Senior doctors have written to Prime Minister David Cameron calling for action over a legal loophole that enables drug companies to set “exorbitant prices” for drugs to treat rare diseases.
Pharmaceutical firms are obtaining licences for existing drugs under EU legislation and then hugely increasing the cost of them, they said.
Some NHS hospitals are now refusing to fund drugs that were previously available cheaply while the NHS faces paying millions of pounds extra a year for the same, or very similar, medicines.
The open letter, which is also addressed to Health Secretary Andrew Lansley, is signed by 20 consultants and is published online in the British Medical Journal (BMJ).
The doctors, who treat people with rare “orphan” diseases, said they were writing “to express our concern at an unintended effect of the European Union’s regulations on orphan drugs.
The doctors said they had already written to the Department of Health for England and the Medicines and Healthcare Products Regulatory Agency about the issue.
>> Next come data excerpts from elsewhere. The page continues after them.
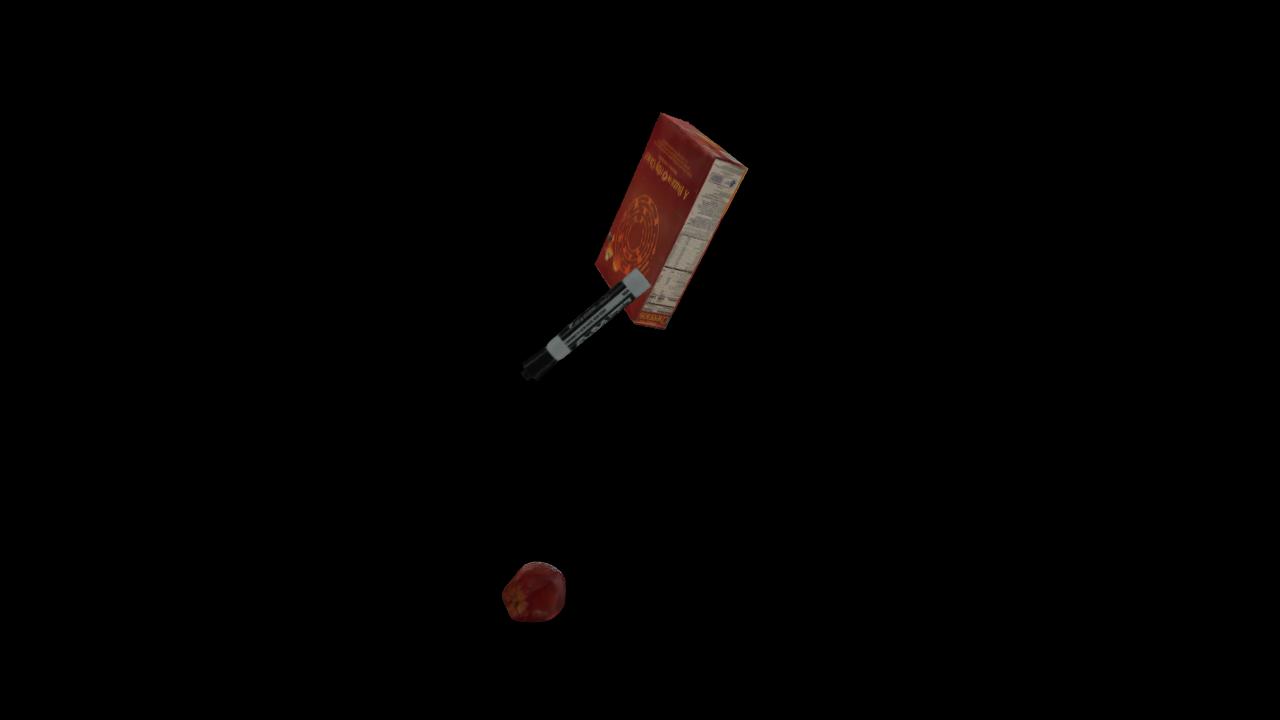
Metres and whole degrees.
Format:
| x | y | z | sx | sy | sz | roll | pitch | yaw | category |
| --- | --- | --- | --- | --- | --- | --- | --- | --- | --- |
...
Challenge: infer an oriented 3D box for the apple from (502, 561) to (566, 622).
| x | y | z | sx | sy | sz | roll | pitch | yaw | category |
| --- | --- | --- | --- | --- | --- | --- | --- | --- | --- |
| -0.139 | 0.311 | 0.820 | 0.079 | 0.079 | 0.093 | 0 | -7 | 20 | apple |

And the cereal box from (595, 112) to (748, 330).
| x | y | z | sx | sy | sz | roll | pitch | yaw | category |
| --- | --- | --- | --- | --- | --- | --- | --- | --- | --- |
| 0.039 | -0.233 | 1.047 | 0.081 | 0.306 | 0.203 | 7 | 34 | -33 | cereal box |

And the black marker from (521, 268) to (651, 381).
| x | y | z | sx | sy | sz | roll | pitch | yaw | category |
| --- | --- | --- | --- | --- | --- | --- | --- | --- | --- |
| -0.043 | -0.025 | 0.474 | 0.121 | 0.020 | 0.020 | -40 | -3 | 3 | black marker |
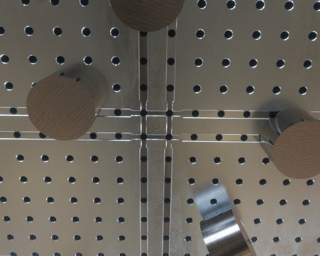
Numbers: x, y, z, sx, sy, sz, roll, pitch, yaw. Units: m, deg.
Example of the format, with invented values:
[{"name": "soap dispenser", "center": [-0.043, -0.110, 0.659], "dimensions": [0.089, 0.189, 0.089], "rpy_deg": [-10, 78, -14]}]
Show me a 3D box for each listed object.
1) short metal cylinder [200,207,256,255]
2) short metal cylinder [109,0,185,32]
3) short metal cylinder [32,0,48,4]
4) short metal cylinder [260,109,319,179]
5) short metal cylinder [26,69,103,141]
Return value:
[{"name": "short metal cylinder", "center": [0.098, 0.162, 0.445], "dimensions": [0.050, 0.080, 0.080], "rpy_deg": [-28, 108, 10]}, {"name": "short metal cylinder", "center": [-0.013, -0.150, 0.345], "dimensions": [0.081, 0.050, 0.079], "rpy_deg": [0, 110, 0]}, {"name": "short metal cylinder", "center": [-0.127, -0.177, 0.317], "dimensions": [0.050, 0.080, 0.080], "rpy_deg": [34, 106, -12]}, {"name": "short metal cylinder", "center": [0.181, 0.020, 0.409], "dimensions": [0.081, 0.050, 0.079], "rpy_deg": [0, 110, 0]}, {"name": "short metal cylinder", "center": [-0.116, -0.031, 0.388], "dimensions": [0.081, 0.050, 0.079], "rpy_deg": [0, 110, 0]}]
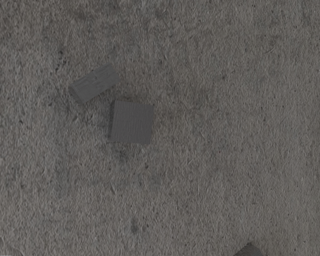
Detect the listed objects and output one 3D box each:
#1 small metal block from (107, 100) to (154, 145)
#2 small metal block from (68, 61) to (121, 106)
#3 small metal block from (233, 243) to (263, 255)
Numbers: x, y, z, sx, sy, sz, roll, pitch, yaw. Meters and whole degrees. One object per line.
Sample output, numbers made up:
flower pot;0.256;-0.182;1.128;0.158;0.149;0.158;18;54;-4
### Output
small metal block;-0.038;-0.007;0.395;0.050;0.025;0.050;7;88;-20
small metal block;-0.079;-0.051;0.366;0.050;0.050;0.025;-35;102;-17
small metal block;0.131;0.209;0.458;0.050;0.025;0.050;-31;100;-17
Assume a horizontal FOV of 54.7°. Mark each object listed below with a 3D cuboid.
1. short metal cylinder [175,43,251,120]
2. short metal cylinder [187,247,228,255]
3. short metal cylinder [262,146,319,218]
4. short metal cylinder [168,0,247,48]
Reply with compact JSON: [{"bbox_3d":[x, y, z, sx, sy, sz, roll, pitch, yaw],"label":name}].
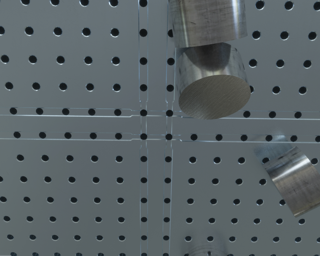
[{"bbox_3d":[0.060,-0.053,0.361,0.081,0.050,0.080,-3,147,-2],"label":"short metal cylinder"},{"bbox_3d":[0.077,0.237,0.488,0.081,0.050,0.079,0,110,0],"label":"short metal cylinder"},{"bbox_3d":[0.180,0.071,0.412,0.050,0.080,0.080,-32,107,11],"label":"short metal cylinder"},{"bbox_3d":[0.052,-0.121,0.339,0.080,0.080,0.050,-9,108,3],"label":"short metal cylinder"}]
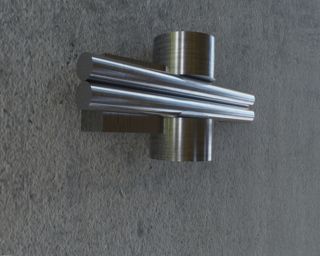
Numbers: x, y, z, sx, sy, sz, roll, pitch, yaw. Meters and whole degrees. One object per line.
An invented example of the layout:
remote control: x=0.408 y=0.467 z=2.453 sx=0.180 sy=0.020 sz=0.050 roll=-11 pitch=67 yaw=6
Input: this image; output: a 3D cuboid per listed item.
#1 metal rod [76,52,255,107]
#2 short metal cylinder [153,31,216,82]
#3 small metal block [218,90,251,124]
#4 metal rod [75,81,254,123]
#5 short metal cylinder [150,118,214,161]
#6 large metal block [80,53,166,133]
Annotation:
metal rod: x=0.036 y=-0.049 z=0.378 sx=0.302 sy=0.025 sz=0.025 roll=2 pitch=89 yaw=-48
short metal cylinder: x=0.031 y=-0.086 z=0.396 sx=0.081 sy=0.080 sz=0.050 roll=2 pitch=89 yaw=-40
small metal block: x=0.123 y=-0.033 z=0.509 sx=0.050 sy=0.025 sz=0.050 roll=4 pitch=88 yaw=-40
metal rod: x=0.036 y=-0.024 z=0.378 sx=0.302 sy=0.025 sz=0.025 roll=2 pitch=89 yaw=-48
short metal cylinder: x=0.028 y=0.014 z=0.393 sx=0.081 sy=0.080 sz=0.050 roll=2 pitch=89 yaw=-40
large metal block: x=-0.042 y=-0.035 z=0.355 sx=0.081 sy=0.050 sz=0.080 roll=2 pitch=89 yaw=-40
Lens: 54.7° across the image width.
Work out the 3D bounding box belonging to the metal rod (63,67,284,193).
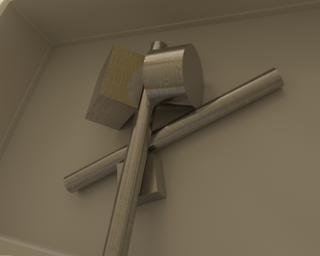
[{"bbox_3d":[0.009,0.008,0.392,0.301,0.025,0.025,-28,53,10],"label":"metal rod"}]

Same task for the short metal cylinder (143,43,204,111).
[{"bbox_3d":[0.019,-0.063,0.395,0.050,0.080,0.080,-3,60,25],"label":"short metal cylinder"}]

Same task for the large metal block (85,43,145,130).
[{"bbox_3d":[-0.060,-0.053,0.425,0.080,0.050,0.080,-40,34,57],"label":"large metal block"}]

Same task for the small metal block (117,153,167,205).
[{"bbox_3d":[-0.023,0.064,0.376,0.050,0.025,0.050,-19,54,16],"label":"small metal block"}]

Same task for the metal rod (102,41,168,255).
[{"bbox_3d":[-0.025,0.014,0.373,0.025,0.025,0.300,-4,58,25],"label":"metal rod"}]
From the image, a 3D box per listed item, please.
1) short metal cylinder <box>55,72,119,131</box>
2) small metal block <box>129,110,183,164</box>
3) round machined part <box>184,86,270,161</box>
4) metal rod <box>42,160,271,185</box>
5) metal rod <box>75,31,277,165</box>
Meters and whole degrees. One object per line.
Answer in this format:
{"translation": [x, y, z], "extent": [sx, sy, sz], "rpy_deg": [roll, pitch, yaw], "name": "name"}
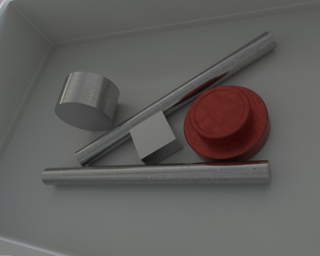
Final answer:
{"translation": [-0.103, -0.036, 0.443], "extent": [0.080, 0.080, 0.050], "rpy_deg": [-5, 60, 25], "name": "short metal cylinder"}
{"translation": [-0.006, 0.014, 0.396], "extent": [0.050, 0.025, 0.050], "rpy_deg": [-31, 52, 8], "name": "small metal block"}
{"translation": [0.073, -0.010, 0.358], "extent": [0.098, 0.042, 0.098], "rpy_deg": [-13, 56, 20], "name": "round machined part"}
{"translation": [-0.024, 0.057, 0.380], "extent": [0.301, 0.025, 0.025], "rpy_deg": [-5, 60, 25], "name": "metal rod"}
{"translation": [0.016, -0.035, 0.416], "extent": [0.300, 0.025, 0.025], "rpy_deg": [-32, 52, 7], "name": "metal rod"}
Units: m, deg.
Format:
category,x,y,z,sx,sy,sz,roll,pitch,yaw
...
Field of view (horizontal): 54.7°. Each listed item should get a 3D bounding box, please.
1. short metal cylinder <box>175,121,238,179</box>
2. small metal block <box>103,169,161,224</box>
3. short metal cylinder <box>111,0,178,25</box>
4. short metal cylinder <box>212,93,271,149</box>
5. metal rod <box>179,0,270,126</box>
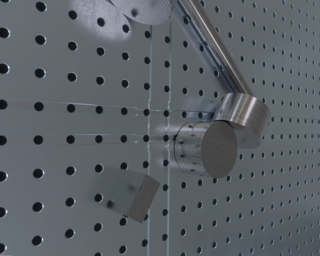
category,x,y,z,sx,sy,sz,roll,pitch,yaw
short metal cylinder,0.068,0.030,0.450,0.081,0.050,0.079,-1,91,-41
small metal block,-0.034,0.079,0.365,0.025,0.050,0.050,40,66,-33
short metal cylinder,-0.016,-0.167,0.360,0.080,0.080,0.050,36,68,-35
short metal cylinder,0.123,-0.010,0.477,0.080,0.080,0.050,42,65,-32
metal rod,0.105,-0.108,0.496,0.300,0.025,0.025,50,61,-29
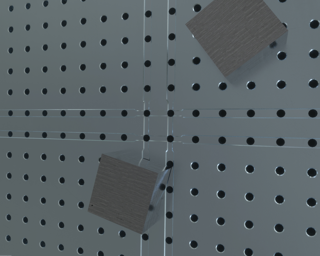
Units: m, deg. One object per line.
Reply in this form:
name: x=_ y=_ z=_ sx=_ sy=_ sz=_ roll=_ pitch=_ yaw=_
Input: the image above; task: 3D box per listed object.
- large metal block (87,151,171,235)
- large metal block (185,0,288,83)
large metal block: x=-0.040 y=0.082 z=0.414 sx=0.080 sy=0.050 sz=0.080 roll=17 pitch=96 yaw=19
large metal block: x=0.091 y=-0.112 z=0.367 sx=0.080 sy=0.050 sz=0.080 roll=-37 pitch=78 yaw=16
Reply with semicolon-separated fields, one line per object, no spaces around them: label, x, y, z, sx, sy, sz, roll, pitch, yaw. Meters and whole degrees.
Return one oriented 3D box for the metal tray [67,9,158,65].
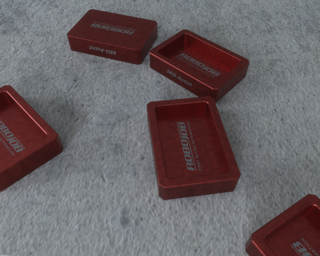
metal tray;-0.079;-0.159;0.533;0.131;0.030;0.090;14;51;11

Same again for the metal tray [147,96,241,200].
metal tray;0.036;0.019;0.384;0.091;0.030;0.130;-6;50;-6

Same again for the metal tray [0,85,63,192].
metal tray;-0.198;0.007;0.391;0.091;0.030;0.130;-36;59;-27

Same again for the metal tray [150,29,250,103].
metal tray;0.059;-0.101;0.485;0.130;0.030;0.090;35;58;25

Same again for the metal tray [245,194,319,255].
metal tray;0.157;0.136;0.287;0.091;0.030;0.130;-26;55;-21
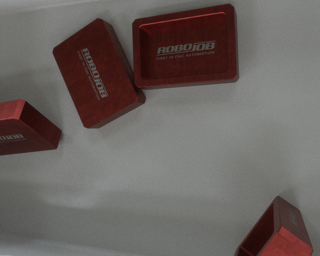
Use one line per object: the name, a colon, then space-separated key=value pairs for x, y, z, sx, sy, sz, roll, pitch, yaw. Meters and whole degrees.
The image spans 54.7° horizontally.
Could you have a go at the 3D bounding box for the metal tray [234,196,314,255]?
metal tray: x=0.108 y=0.126 z=0.316 sx=0.030 sy=0.130 sz=0.090 roll=35 pitch=101 yaw=16

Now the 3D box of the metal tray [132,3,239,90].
metal tray: x=0.031 y=-0.099 z=0.396 sx=0.130 sy=0.030 sz=0.089 roll=-2 pitch=89 yaw=19

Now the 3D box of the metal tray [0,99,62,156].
metal tray: x=-0.224 y=0.004 z=0.451 sx=0.130 sy=0.090 sz=0.030 roll=-7 pitch=57 yaw=19

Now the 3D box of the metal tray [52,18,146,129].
metal tray: x=-0.087 y=-0.075 z=0.437 sx=0.090 sy=0.030 sz=0.130 roll=-27 pitch=81 yaw=17
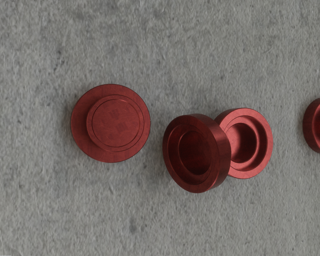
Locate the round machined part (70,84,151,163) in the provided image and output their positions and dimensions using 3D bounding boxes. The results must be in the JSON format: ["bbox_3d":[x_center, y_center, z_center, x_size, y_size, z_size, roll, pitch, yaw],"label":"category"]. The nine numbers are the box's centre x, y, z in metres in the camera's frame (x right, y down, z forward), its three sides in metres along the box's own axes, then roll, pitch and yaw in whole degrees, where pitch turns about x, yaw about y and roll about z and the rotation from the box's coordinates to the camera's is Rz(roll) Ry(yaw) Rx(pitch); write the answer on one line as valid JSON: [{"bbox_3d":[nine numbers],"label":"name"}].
[{"bbox_3d":[-0.058,-0.006,0.379,0.099,0.042,0.097,0,90,-21],"label":"round machined part"}]

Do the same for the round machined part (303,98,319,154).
[{"bbox_3d":[0.289,-0.004,0.509,0.099,0.042,0.097,0,90,-21],"label":"round machined part"}]

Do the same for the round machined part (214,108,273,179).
[{"bbox_3d":[0.108,0.021,0.440,0.099,0.042,0.097,0,90,-23],"label":"round machined part"}]

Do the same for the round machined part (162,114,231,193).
[{"bbox_3d":[0.051,0.030,0.394,0.042,0.098,0.097,-10,94,-40],"label":"round machined part"}]
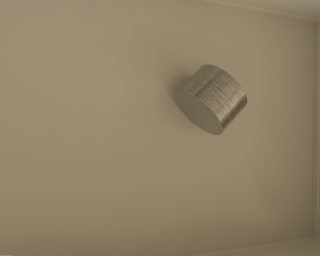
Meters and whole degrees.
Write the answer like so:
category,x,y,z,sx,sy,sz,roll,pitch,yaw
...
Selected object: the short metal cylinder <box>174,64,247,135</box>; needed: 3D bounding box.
category,x,y,z,sx,sy,sz,roll,pitch,yaw
short metal cylinder,0.066,-0.036,0.407,0.050,0.080,0.080,-47,105,-14
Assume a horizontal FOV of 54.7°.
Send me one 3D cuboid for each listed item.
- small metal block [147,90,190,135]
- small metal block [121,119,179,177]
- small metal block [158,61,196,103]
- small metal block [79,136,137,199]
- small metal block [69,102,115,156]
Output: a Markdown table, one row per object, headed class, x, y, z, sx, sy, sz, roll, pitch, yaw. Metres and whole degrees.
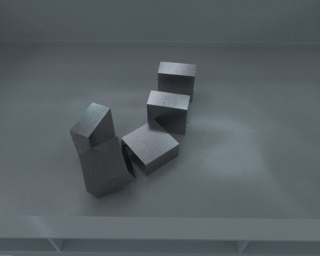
| class | x | y | z | sx | sy | sz | roll | pitch | yaw |
| --- | --- | --- | --- | --- | --- | --- | --- | --- | --- |
| small metal block | 0.011 | -0.019 | 0.405 | 0.050 | 0.050 | 0.025 | 9 | 51 | 7 |
| small metal block | -0.012 | 0.024 | 0.385 | 0.050 | 0.025 | 0.050 | -31 | 57 | -24 |
| small metal block | 0.024 | -0.065 | 0.444 | 0.050 | 0.050 | 0.025 | 6 | 51 | 5 |
| small metal block | -0.061 | 0.045 | 0.357 | 0.050 | 0.025 | 0.050 | -26 | 53 | 4 |
| small metal block | -0.082 | 0.006 | 0.384 | 0.025 | 0.050 | 0.050 | 18 | 52 | 15 |
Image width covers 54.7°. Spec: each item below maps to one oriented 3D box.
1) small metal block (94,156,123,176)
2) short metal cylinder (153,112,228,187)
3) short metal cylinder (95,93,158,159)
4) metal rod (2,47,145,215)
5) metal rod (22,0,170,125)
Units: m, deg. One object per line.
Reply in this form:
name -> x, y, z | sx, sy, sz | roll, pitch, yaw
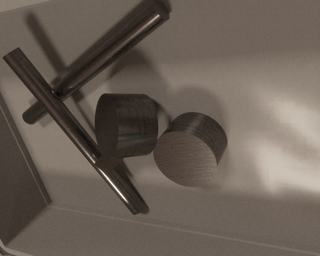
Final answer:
small metal block -> -0.060, 0.034, 0.444 | 0.025, 0.050, 0.050 | 43, 129, -2
short metal cylinder -> 0.039, 0.027, 0.388 | 0.080, 0.050, 0.079 | 13, 124, 20
short metal cylinder -> -0.044, -0.003, 0.387 | 0.080, 0.050, 0.079 | 8, 99, 59
metal rod -> -0.115, 0.017, 0.455 | 0.025, 0.025, 0.299 | -19, 116, 35
metal rod -> -0.106, -0.071, 0.418 | 0.299, 0.025, 0.025 | -27, 104, 37
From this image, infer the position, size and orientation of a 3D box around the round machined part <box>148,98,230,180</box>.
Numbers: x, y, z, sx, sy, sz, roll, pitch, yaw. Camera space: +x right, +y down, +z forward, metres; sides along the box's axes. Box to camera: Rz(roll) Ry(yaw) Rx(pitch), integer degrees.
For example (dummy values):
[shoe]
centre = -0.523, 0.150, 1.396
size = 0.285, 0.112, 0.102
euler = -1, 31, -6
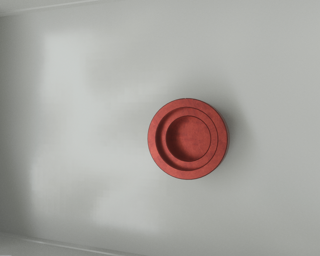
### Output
[round machined part]
centre = 0.038, 0.013, 0.388
size = 0.098, 0.042, 0.097
euler = 0, 90, 19
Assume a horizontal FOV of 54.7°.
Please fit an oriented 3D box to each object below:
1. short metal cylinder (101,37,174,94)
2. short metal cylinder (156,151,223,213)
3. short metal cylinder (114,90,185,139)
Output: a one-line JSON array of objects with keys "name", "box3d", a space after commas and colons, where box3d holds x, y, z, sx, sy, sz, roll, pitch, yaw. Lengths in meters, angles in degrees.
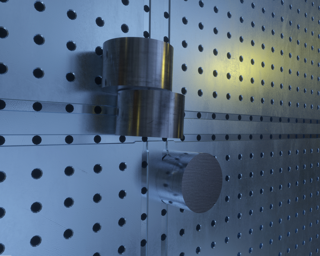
[{"name": "short metal cylinder", "box3d": [-0.025, -0.067, 0.354, 0.081, 0.080, 0.050, 3, 88, -40]}, {"name": "short metal cylinder", "box3d": [0.041, 0.073, 0.430, 0.081, 0.050, 0.079, 0, 90, -40]}, {"name": "short metal cylinder", "box3d": [-0.012, -0.014, 0.365, 0.081, 0.080, 0.050, 5, 87, -40]}]
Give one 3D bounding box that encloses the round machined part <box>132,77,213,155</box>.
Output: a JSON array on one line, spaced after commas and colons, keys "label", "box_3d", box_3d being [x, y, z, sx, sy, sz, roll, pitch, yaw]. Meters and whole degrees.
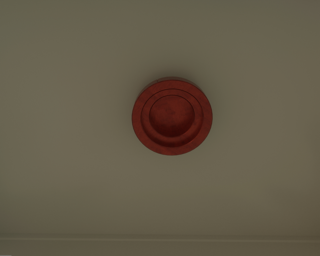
[{"label": "round machined part", "box_3d": [0.015, -0.018, 0.396, 0.099, 0.042, 0.097, 0, 110, 0]}]

“Legislation on orphan drugs, far from encouraging the development of new treatments for orphan diseases, is severely limiting the availability of existing treatments.”
The doctors provide several examples of price hikes, including a drug to treat rare muscle diseases which used to cost £800 to £1,000 per patient per year.
In a BMJ investigation, published on Tuesday, Dr Sam Richmond, a consultant neonatologist at Sunderland Royal Infirmary, and a signatory of the open letter, said: “If drug companies are undertaking research where nobody else was interested – and some are – then a monopoly may be justified.
“But if it’s a product already in use, they should clear off, or sell at a price comparable with the existing price.”